They include: a resolution putting Tennessee government on record as seeking a constitutional convention to impose a balanced budget; bills to rein in or eliminate various traditional forms of taxation, ranging from the Hall income tax on dividends to the gift tax to the inheritance tax to the state beer tax; bills to transform public pensions into 401k “planned contribution” systems; bills to shift workers’ compensation cases from the courts into a state administrative structure and to cap awards in personal injury cases; and bills to prohibit minimum-wage and living-wage legislation at local governmental levels that might clash with such mandates as are imposed by state law.

Kelsey proclaims himself an unabashed supporter of the state’s authority over local government on a host of issues, including pending legislation to allow charter school applicants to leap-frog over local school boards and be authorized directly by the state board of education.

And on the morning after the former Memphis City Schools (MCS) board voted to surrender its charter in December 2010, thereby forcing merger with Shelby County Schools, Kelsey put a bill in the legislative hopper that would have transferred to state authority the schools of the MCS — all the old MCS schools — if, as would happen, Memphis voters approved the surrender.   

The Norris-Todd bill that would eventually enable breakaway municipal school districts in the suburbs superseded that bill.

“To the extent that local governments are infringing on the rights of citizens, it is absolutely the duty of the state to protect freedom,” Kelsey insists. “Cities and counties did not fend off the British. It was the states that banded together under the Constitution.” In Kelsey’s view, cities and counties are mere subdivisions of the state and “can be created and abolished and legislated over” as the state decides.            

KELSEY, A PROBATE LAWYER in civil life, is a scion of two of the most prominent families in Collierville history, the Kelseys and the Carringtons. The fact that his mother was a public-school teacher enabled him, as he remembers it, to attend Memphis University School on scholarship via a cooperative inter-school arrangement not unlike what he wants to arrange statewide via his voucher legislation.

He graduated from the University of North Carolina and went to law school at Georgetown University, a haven, as he sees it now, for legal liberalism. He was somewhat shocked to be schooled by professors who acknowledged their Marxist roots, but he says he enjoyed the intellectual stimulation that came with such exposure.

Starting while he was still in law school, he went to work for a succession of Tennessee Republican eminences — Senator Fred Thompson, Congressman Ed Bryant (he and Bryant exited the Capitol together on the day of the 9/11 attacks), and Senator Bill Frist.

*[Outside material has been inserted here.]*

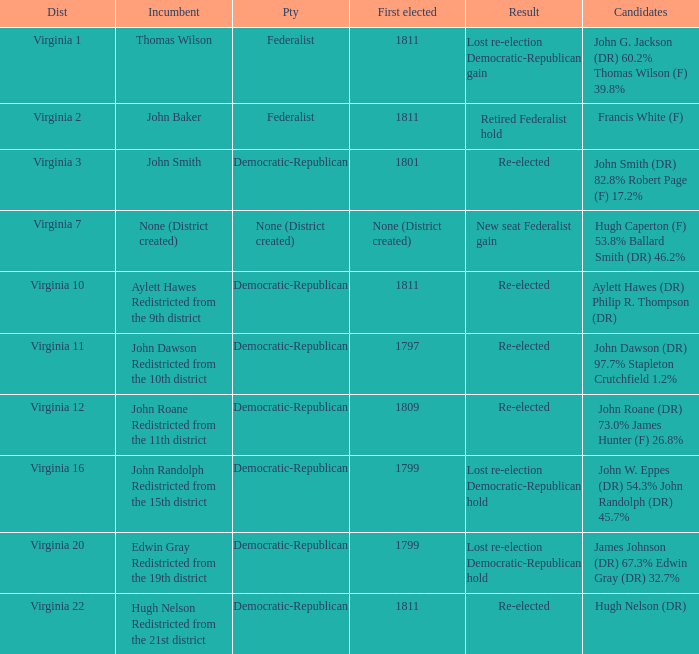Name the distrct for thomas wilson Virginia 1.

Kelsey left Frist’s office to work for a year in the White House of President George W. Bush as an intern (“mainly doing grunt work”) and was soon back in the Memphis area running for Representative Kent’s vacated position in 2004. “I was probably too young, but that seat had been held for 26 years, and I didn’t want to wait another 26 years for a crack at it.”

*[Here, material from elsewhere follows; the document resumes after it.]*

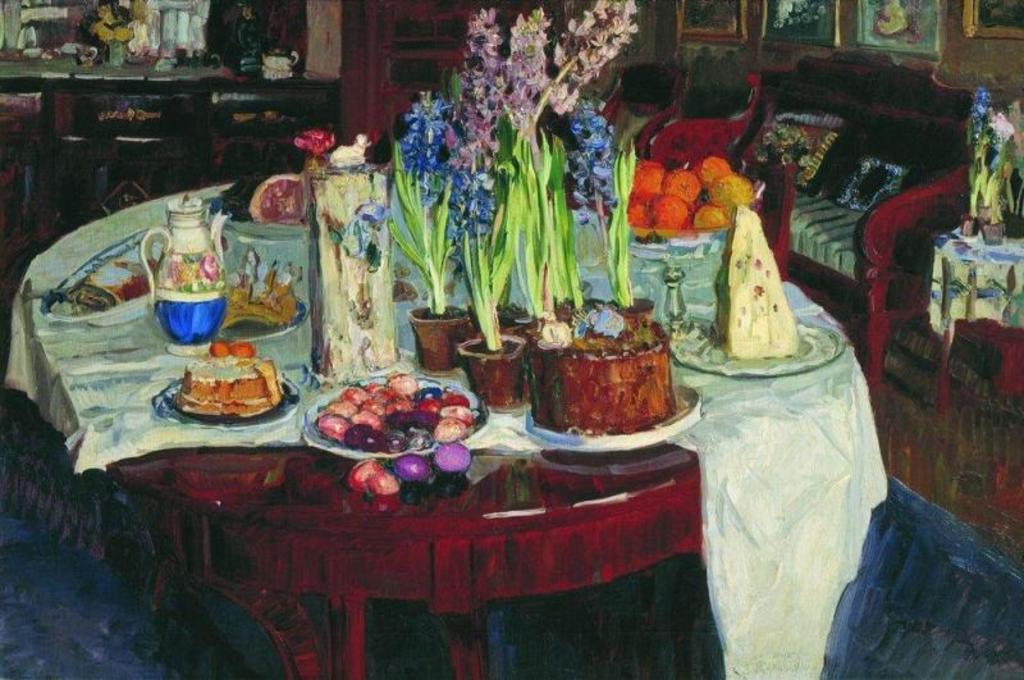Describe this image in one or two sentences. In this picture I can see a a painting of food items on the plates, flower vases and some other objects on the table, there is a couch with pillows, there are frames attached to the wall and there are some objects.

Through law school, his early governmental stints, and while in office, Kelsey has left himself little time for a personal life. His motto, one he repeats often in conversation, is: “Always be the most prepared person in the room.” He acknowledges there have been costs to that.

“While I was ahead in many ways in my professional career, I was behind in many ways in my personal life.” For one thing, he remains a bachelor. “I’ve never been engaged, never been close to being married. I thought being in Nashville would double my chances for finding the right person, but somehow it has cut my chances in half.”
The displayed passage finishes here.